This example occurs in a tiresomely familiar calculus problem where you put a constraint on the perimeter of the window, thus turning it into a one-variable problem, then finding the values of the width and height that give the maximum area. In this post, I am not going to get that far. All I will do is come up with a calculation for the area. I will describe a way you might do it on a laptop five or ten years from now.
You have an algebra application that shows a screen with some operations that you may select to paste into your calculation. The ones we use are called plus, times, power, value and input.
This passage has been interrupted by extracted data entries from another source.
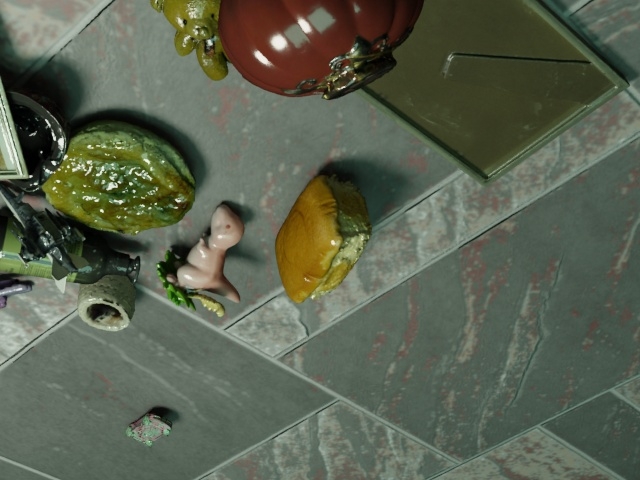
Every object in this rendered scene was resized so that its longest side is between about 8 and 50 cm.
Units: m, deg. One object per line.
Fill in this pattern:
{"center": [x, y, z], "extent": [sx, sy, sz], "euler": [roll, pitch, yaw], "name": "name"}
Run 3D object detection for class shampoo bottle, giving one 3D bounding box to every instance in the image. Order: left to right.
{"center": [-0.475, 0.027, 1.991], "extent": [0.284, 0.101, 0.101], "euler": [11, 136, -18], "name": "shampoo bottle"}

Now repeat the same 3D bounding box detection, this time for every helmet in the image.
{"center": [-0.479, -0.181, 1.752], "extent": [0.153, 0.107, 0.177], "euler": [39, 120, -10], "name": "helmet"}

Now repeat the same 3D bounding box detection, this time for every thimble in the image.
{"center": [-0.423, 0.117, 2.107], "extent": [0.115, 0.090, 0.102], "euler": [25, 130, -29], "name": "thimble"}

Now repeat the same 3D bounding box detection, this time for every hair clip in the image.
{"center": [-0.708, 0.117, 2.081], "extent": [0.278, 0.090, 0.137], "euler": [2, 172, -4], "name": "hair clip"}

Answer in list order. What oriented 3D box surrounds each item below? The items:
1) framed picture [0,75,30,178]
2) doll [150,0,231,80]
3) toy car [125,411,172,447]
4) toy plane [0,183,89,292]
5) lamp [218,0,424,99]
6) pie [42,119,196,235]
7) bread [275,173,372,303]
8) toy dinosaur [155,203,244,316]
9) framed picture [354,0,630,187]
{"center": [-0.591, -0.213, 1.683], "extent": [0.217, 0.017, 0.274], "euler": [-2, 121, 13], "name": "framed picture"}
{"center": [-0.167, -0.323, 1.642], "extent": [0.137, 0.097, 0.209], "euler": [-22, 141, 10], "name": "doll"}
{"center": [-0.399, 0.436, 2.494], "extent": [0.069, 0.055, 0.142], "euler": [31, 138, -24], "name": "toy car"}
{"center": [-0.495, -0.020, 1.890], "extent": [0.082, 0.160, 0.234], "euler": [-29, 93, 34], "name": "toy plane"}
{"center": [0.001, -0.334, 1.503], "extent": [0.303, 0.303, 0.257], "euler": [-28, 92, 23], "name": "lamp"}
{"center": [-0.361, -0.099, 1.881], "extent": [0.277, 0.078, 0.277], "euler": [-2, 137, -2], "name": "pie"}
{"center": [0.000, 0.000, 1.961], "extent": [0.121, 0.174, 0.245], "euler": [10, 144, -23], "name": "bread"}
{"center": [-0.205, 0.039, 2.033], "extent": [0.177, 0.152, 0.194], "euler": [-18, 96, 13], "name": "toy dinosaur"}
{"center": [0.260, -0.282, 1.781], "extent": [0.326, 0.028, 0.446], "euler": [-36, 130, 29], "name": "framed picture"}
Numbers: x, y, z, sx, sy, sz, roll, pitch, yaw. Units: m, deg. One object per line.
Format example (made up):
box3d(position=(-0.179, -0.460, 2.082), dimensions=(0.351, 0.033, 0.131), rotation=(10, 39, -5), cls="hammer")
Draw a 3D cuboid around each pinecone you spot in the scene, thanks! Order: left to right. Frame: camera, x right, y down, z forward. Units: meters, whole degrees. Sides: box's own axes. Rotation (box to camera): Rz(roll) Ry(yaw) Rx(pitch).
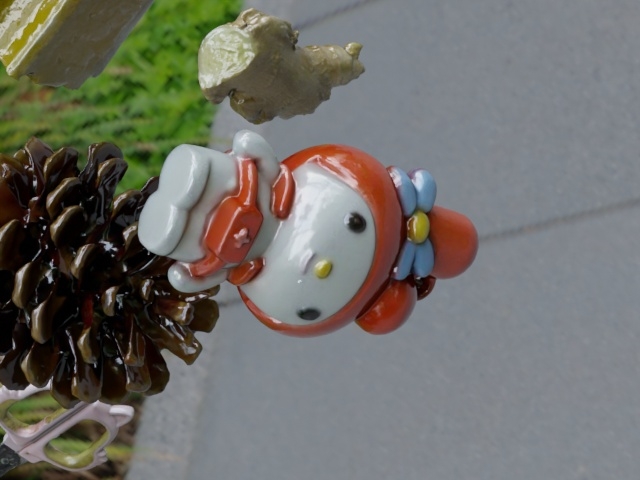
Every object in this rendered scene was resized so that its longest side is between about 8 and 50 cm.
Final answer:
box3d(position=(-0.209, 0.040, 1.350), dimensions=(0.264, 0.264, 0.264), rotation=(-26, 45, 28), cls="pinecone")

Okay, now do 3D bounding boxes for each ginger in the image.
box3d(position=(-0.047, -0.198, 1.765), dimensions=(0.137, 0.213, 0.074), rotation=(-57, 49, 22), cls="ginger")

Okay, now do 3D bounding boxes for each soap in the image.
box3d(position=(-0.286, -0.337, 1.871), dimensions=(0.143, 0.259, 0.281), rotation=(42, 105, 12), cls="soap")

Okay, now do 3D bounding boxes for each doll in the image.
box3d(position=(0.000, 0.000, 1.150), dimensions=(0.130, 0.290, 0.161), rotation=(41, 110, 52), cls="doll")

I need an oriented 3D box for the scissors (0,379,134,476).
box3d(position=(-0.360, 0.247, 1.759), dimensions=(0.317, 0.160, 0.024), rotation=(-34, 28, 29), cls="scissors")
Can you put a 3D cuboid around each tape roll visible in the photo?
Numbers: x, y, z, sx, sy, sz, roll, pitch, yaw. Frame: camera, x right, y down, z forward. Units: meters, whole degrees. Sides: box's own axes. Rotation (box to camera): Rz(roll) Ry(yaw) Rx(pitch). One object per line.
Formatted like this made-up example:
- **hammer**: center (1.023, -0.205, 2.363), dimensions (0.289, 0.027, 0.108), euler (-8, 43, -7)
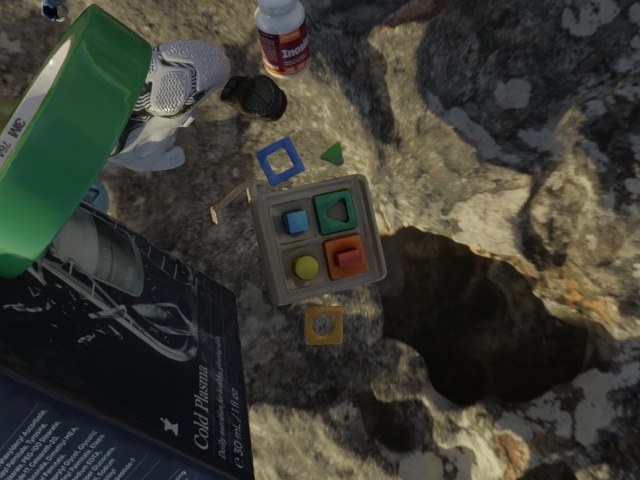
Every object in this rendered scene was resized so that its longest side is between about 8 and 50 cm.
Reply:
- **tape roll**: center (-0.314, -0.114, 0.781), dimensions (0.077, 0.321, 0.321), euler (33, 97, -30)

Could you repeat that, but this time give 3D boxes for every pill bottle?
- **pill bottle**: center (-0.065, -0.358, 1.161), dimensions (0.086, 0.152, 0.086), euler (-3, 58, 5)

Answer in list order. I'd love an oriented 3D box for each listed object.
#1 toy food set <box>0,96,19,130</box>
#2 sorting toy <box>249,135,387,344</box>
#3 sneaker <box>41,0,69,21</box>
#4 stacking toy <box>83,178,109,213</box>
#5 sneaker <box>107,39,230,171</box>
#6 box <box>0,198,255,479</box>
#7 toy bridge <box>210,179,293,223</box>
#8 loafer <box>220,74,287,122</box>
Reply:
- **toy food set**: center (-0.613, -0.219, 1.282), dimensions (0.132, 0.038, 0.192), euler (-33, 63, -26)
- **sorting toy**: center (0.000, 0.000, 1.089), dimensions (0.196, 0.047, 0.347), euler (-13, 95, -9)
- **sneaker**: center (-0.539, -0.466, 1.369), dimensions (0.052, 0.135, 0.058), euler (11, 81, -11)
- **stacking toy**: center (-0.570, -0.152, 1.375), dimensions (0.280, 0.130, 0.308), euler (-2, 73, -30)
- **sneaker**: center (-0.310, -0.256, 1.359), dimensions (0.366, 0.210, 0.137), euler (-26, 73, 15)
- **box**: center (-0.379, 0.188, 1.017), dimensions (0.472, 0.480, 0.297), euler (34, 108, -26)
- **toy bridge**: center (-0.141, -0.094, 1.433), dimensions (0.188, 0.026, 0.063), euler (-21, 124, -22)
- **loafer**: center (-0.113, -0.267, 1.295), dimensions (0.078, 0.220, 0.080), euler (28, 95, -35)

You choose a function called value, and label it "Area of window". You recognize that the answer is the sum of the areas of the rectangle and the area of the semicircle, so you choose plus and attach to it two inputs which you label "area of rectangle" and "area of semicircle", like this:
The notational metaphor is that the computation starts at the bottom and goes upward, performing the operations indicated.
You know (or are told by the system) that the area of a rectangle is the product of its width and height, so you replace the value called "area of rectangle" with a times button and attach two values called $w$ and $h$:
You also determine that the area under the semicircle is half the area of a circle of radius $r$ (where $r$ must be calculated).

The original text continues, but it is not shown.